### EXERCISE DETAILS
Retype the data exactly, from its first line to the line containing "cost<fcel>Interest cost<fcel>Expected return", including both, and skip any picture.

### Collected data entries

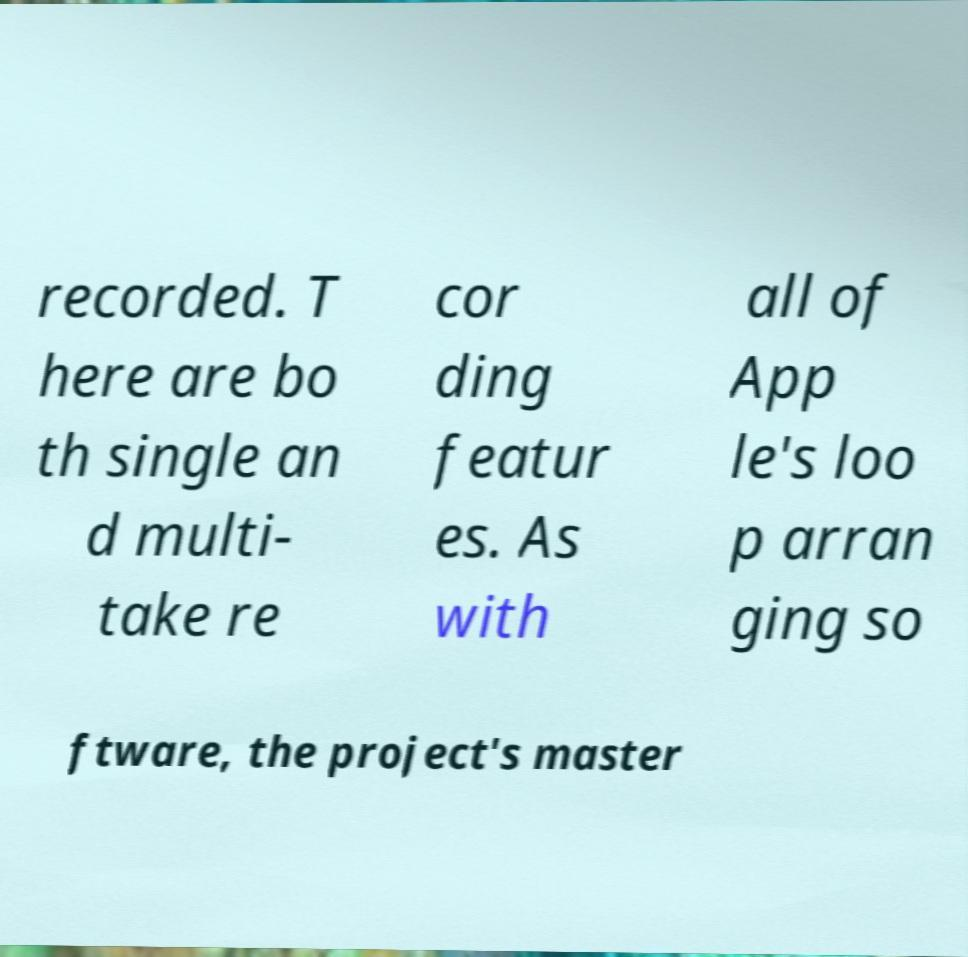I need the written content from this picture converted into text. Can you do that? recorded. T here are bo th single an d multi- take re cor ding featur es. As with all of App le's loo p arran ging so ftware, the project's master 
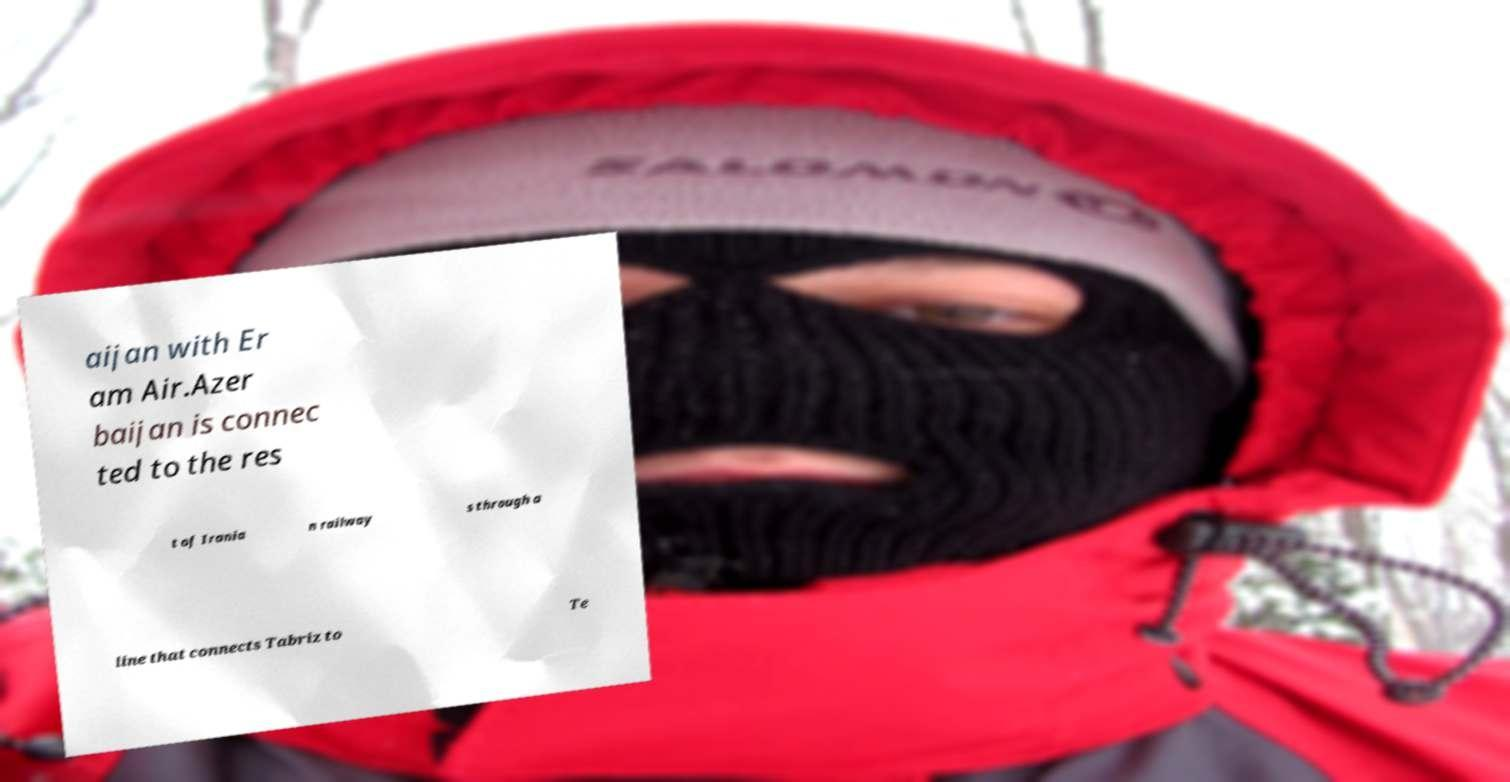Could you extract and type out the text from this image? aijan with Er am Air.Azer baijan is connec ted to the res t of Irania n railway s through a line that connects Tabriz to Te 
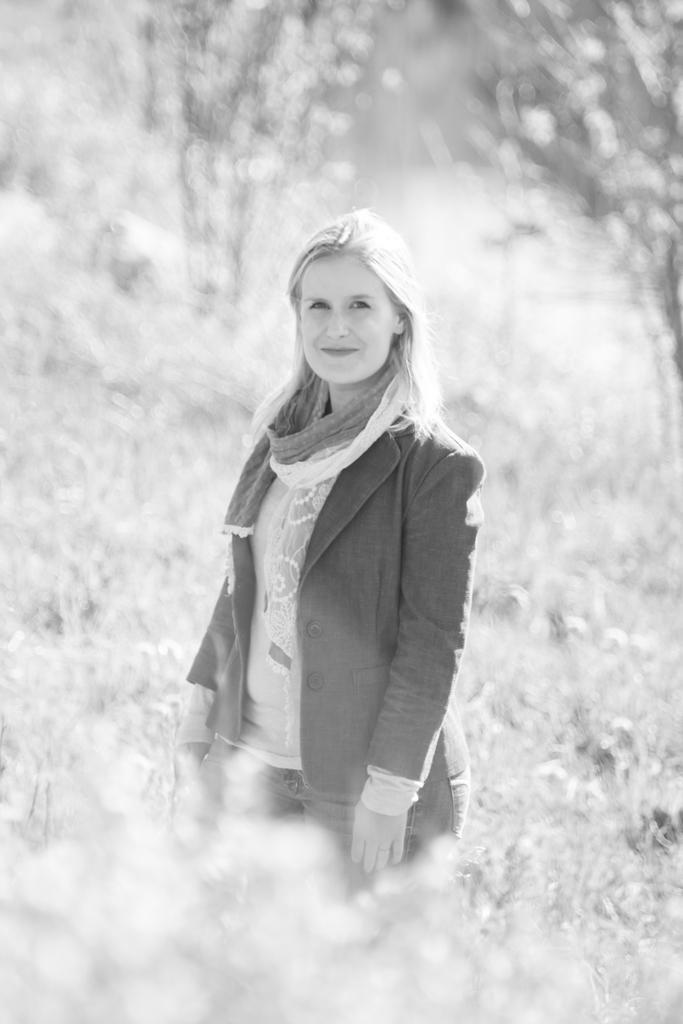Please provide a concise description of this image. This is a black and white picture, in this image we can see a woman standing on the ground, there are some plants and trees. 
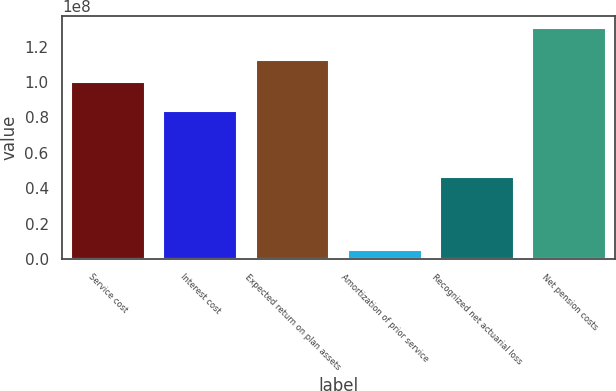<chart> <loc_0><loc_0><loc_500><loc_500><bar_chart><fcel>Service cost<fcel>Interest cost<fcel>Expected return on plan assets<fcel>Amortization of prior service<fcel>Recognized net actuarial loss<fcel>Net pension costs<nl><fcel>1.00028e+08<fcel>8.36e+07<fcel>1.12594e+08<fcel>4.934e+06<fcel>4.6204e+07<fcel>1.30592e+08<nl></chart> 
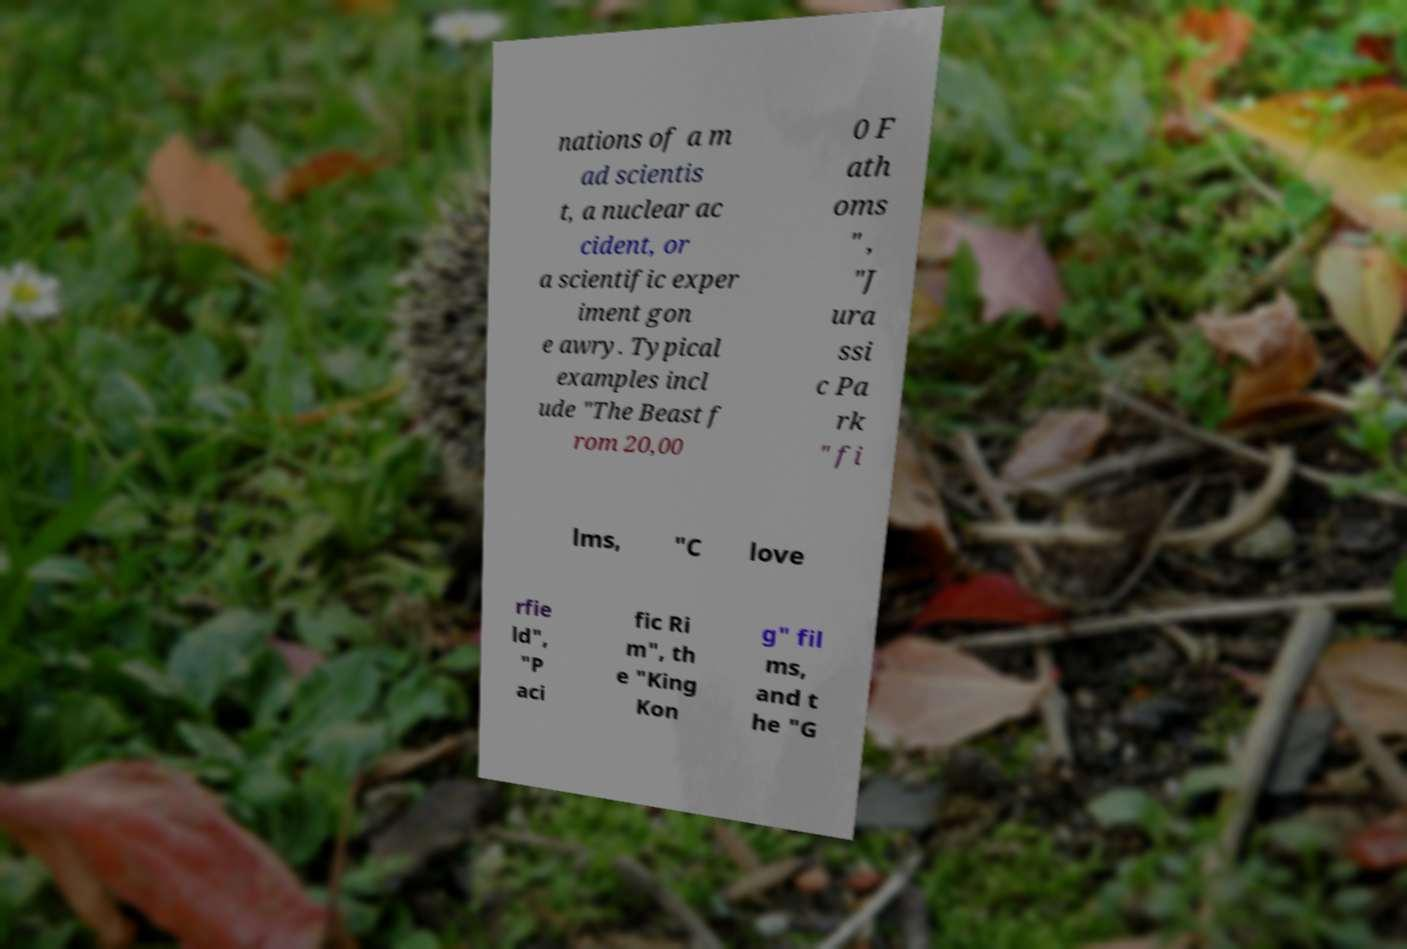Can you accurately transcribe the text from the provided image for me? nations of a m ad scientis t, a nuclear ac cident, or a scientific exper iment gon e awry. Typical examples incl ude "The Beast f rom 20,00 0 F ath oms " , "J ura ssi c Pa rk " fi lms, "C love rfie ld", "P aci fic Ri m", th e "King Kon g" fil ms, and t he "G

### ANSWER TO THIS TASK
I need the written content from this picture converted into text. Can you do that? recorded. T here are bo th single an d multi- take re cor ding featur es. As with all of App le's loo p arran ging so ftware, the project's master 
Could you extract and type out the text from this image? aijan with Er am Air.Azer baijan is connec ted to the res t of Irania n railway s through a line that connects Tabriz to Te 
Please provide a concise description of this image. This is a black and white picture, in this image we can see a woman standing on the ground, there are some plants and trees. 
<chart> <loc_0><loc_0><loc_500><loc_500><bar_chart><fcel>Service cost<fcel>Interest cost<fcel>Expected return on plan assets<fcel>Amortization of prior service<fcel>Recognized net actuarial loss<fcel>Net pension costs<nl><fcel>1.00028e+08<fcel>8.36e+07<fcel>1.12594e+08<fcel>4.934e+06<fcel>4.6204e+07<fcel>1.30592e+08<nl></chart> 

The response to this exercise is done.